[Items listed in a dataset]

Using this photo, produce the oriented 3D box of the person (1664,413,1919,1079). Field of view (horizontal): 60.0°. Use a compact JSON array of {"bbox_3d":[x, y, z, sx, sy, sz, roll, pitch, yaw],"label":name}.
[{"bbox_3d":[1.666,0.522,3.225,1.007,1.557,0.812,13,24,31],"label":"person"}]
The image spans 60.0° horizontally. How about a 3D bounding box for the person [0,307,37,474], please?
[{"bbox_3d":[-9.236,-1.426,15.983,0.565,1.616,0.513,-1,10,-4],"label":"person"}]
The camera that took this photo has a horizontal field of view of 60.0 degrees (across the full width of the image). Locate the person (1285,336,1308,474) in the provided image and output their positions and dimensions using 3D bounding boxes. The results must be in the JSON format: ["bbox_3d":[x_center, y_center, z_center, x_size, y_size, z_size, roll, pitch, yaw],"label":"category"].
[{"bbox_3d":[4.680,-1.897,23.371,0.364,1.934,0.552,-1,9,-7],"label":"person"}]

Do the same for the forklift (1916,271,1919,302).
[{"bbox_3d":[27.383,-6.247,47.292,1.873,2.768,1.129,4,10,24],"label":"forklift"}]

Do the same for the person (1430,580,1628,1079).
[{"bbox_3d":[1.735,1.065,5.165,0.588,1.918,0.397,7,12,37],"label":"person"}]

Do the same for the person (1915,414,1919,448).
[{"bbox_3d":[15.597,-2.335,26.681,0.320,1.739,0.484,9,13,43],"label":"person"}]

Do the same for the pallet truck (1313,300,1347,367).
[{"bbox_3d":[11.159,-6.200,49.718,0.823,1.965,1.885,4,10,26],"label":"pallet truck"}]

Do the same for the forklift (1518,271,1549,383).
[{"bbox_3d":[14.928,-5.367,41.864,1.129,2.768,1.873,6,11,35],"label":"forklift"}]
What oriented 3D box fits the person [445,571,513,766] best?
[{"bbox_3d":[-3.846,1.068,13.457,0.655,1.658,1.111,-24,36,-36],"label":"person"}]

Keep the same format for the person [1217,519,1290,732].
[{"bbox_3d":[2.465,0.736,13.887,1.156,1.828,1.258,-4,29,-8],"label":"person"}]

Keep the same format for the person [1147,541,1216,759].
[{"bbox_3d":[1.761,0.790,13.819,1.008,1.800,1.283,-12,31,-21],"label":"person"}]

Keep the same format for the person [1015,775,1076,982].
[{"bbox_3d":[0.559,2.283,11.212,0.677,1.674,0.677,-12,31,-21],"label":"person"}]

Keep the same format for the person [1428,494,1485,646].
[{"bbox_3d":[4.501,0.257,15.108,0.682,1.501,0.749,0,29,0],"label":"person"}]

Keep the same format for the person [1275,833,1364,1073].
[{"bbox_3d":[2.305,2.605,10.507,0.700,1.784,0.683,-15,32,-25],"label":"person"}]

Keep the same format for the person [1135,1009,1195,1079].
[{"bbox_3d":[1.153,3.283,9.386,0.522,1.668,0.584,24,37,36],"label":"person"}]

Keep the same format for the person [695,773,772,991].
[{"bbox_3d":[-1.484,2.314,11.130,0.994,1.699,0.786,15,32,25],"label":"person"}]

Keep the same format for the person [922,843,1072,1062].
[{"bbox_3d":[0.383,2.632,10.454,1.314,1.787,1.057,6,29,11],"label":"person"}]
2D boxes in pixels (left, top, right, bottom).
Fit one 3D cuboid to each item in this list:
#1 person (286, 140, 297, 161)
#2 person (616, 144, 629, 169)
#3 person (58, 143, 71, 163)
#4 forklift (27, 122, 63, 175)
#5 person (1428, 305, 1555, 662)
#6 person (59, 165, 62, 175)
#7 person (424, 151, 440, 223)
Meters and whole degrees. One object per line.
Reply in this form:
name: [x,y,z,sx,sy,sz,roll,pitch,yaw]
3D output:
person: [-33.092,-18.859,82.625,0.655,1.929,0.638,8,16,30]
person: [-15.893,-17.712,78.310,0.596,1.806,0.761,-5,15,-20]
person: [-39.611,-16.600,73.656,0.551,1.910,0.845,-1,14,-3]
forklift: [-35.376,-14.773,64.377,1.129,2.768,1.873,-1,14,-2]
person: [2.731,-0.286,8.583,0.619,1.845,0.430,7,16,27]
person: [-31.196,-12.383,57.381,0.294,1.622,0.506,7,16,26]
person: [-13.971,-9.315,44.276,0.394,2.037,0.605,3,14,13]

Problem description: None of the records may be omitted; each is to be printed exactly.

The answer:
Using this photo, produce the oriented 3D box of the person (1664,413,1919,1079). Field of view (horizontal): 60.0°. Use a compact JSON array of {"bbox_3d":[x, y, z, sx, sy, sz, roll, pitch, yaw],"label":name}.
[{"bbox_3d":[1.666,0.522,3.225,1.007,1.557,0.812,13,24,31],"label":"person"}]
The image spans 60.0° horizontally. How about a 3D bounding box for the person [0,307,37,474], please?
[{"bbox_3d":[-9.236,-1.426,15.983,0.565,1.616,0.513,-1,10,-4],"label":"person"}]
The camera that took this photo has a horizontal field of view of 60.0 degrees (across the full width of the image). Locate the person (1285,336,1308,474) in the provided image and output their positions and dimensions using 3D bounding boxes. The results must be in the JSON format: ["bbox_3d":[x_center, y_center, z_center, x_size, y_size, z_size, roll, pitch, yaw],"label":"category"].
[{"bbox_3d":[4.680,-1.897,23.371,0.364,1.934,0.552,-1,9,-7],"label":"person"}]

Do the same for the forklift (1916,271,1919,302).
[{"bbox_3d":[27.383,-6.247,47.292,1.873,2.768,1.129,4,10,24],"label":"forklift"}]

Do the same for the person (1430,580,1628,1079).
[{"bbox_3d":[1.735,1.065,5.165,0.588,1.918,0.397,7,12,37],"label":"person"}]

Do the same for the person (1915,414,1919,448).
[{"bbox_3d":[15.597,-2.335,26.681,0.320,1.739,0.484,9,13,43],"label":"person"}]

Do the same for the pallet truck (1313,300,1347,367).
[{"bbox_3d":[11.159,-6.200,49.718,0.823,1.965,1.885,4,10,26],"label":"pallet truck"}]

Do the same for the forklift (1518,271,1549,383).
[{"bbox_3d":[14.928,-5.367,41.864,1.129,2.768,1.873,6,11,35],"label":"forklift"}]
What oriented 3D box fits the person [445,571,513,766] best?
[{"bbox_3d":[-3.846,1.068,13.457,0.655,1.658,1.111,-24,36,-36],"label":"person"}]

Keep the same format for the person [1217,519,1290,732].
[{"bbox_3d":[2.465,0.736,13.887,1.156,1.828,1.258,-4,29,-8],"label":"person"}]

Keep the same format for the person [1147,541,1216,759].
[{"bbox_3d":[1.761,0.790,13.819,1.008,1.800,1.283,-12,31,-21],"label":"person"}]

Keep the same format for the person [1015,775,1076,982].
[{"bbox_3d":[0.559,2.283,11.212,0.677,1.674,0.677,-12,31,-21],"label":"person"}]

Keep the same format for the person [1428,494,1485,646].
[{"bbox_3d":[4.501,0.257,15.108,0.682,1.501,0.749,0,29,0],"label":"person"}]

Keep the same format for the person [1275,833,1364,1073].
[{"bbox_3d":[2.305,2.605,10.507,0.700,1.784,0.683,-15,32,-25],"label":"person"}]

Keep the same format for the person [1135,1009,1195,1079].
[{"bbox_3d":[1.153,3.283,9.386,0.522,1.668,0.584,24,37,36],"label":"person"}]

Keep the same format for the person [695,773,772,991].
[{"bbox_3d":[-1.484,2.314,11.130,0.994,1.699,0.786,15,32,25],"label":"person"}]

Keep the same format for the person [922,843,1072,1062].
[{"bbox_3d":[0.383,2.632,10.454,1.314,1.787,1.057,6,29,11],"label":"person"}]
2D boxes in pixels (left, top, right, bottom).
Fit one 3D cuboid to each item in this list:
#1 person (286, 140, 297, 161)
#2 person (616, 144, 629, 169)
#3 person (58, 143, 71, 163)
#4 forklift (27, 122, 63, 175)
#5 person (1428, 305, 1555, 662)
#6 person (59, 165, 62, 175)
#7 person (424, 151, 440, 223)
Meters and whole degrees. One object per line.
Reply in this form:
name: [x,y,z,sx,sy,sz,roll,pitch,yaw]
3D output:
person: [-33.092,-18.859,82.625,0.655,1.929,0.638,8,16,30]
person: [-15.893,-17.712,78.310,0.596,1.806,0.761,-5,15,-20]
person: [-39.611,-16.600,73.656,0.551,1.910,0.845,-1,14,-3]
forklift: [-35.376,-14.773,64.377,1.129,2.768,1.873,-1,14,-2]
person: [2.731,-0.286,8.583,0.619,1.845,0.430,7,16,27]
person: [-31.196,-12.383,57.381,0.294,1.622,0.506,7,16,26]
person: [-13.971,-9.315,44.276,0.394,2.037,0.605,3,14,13]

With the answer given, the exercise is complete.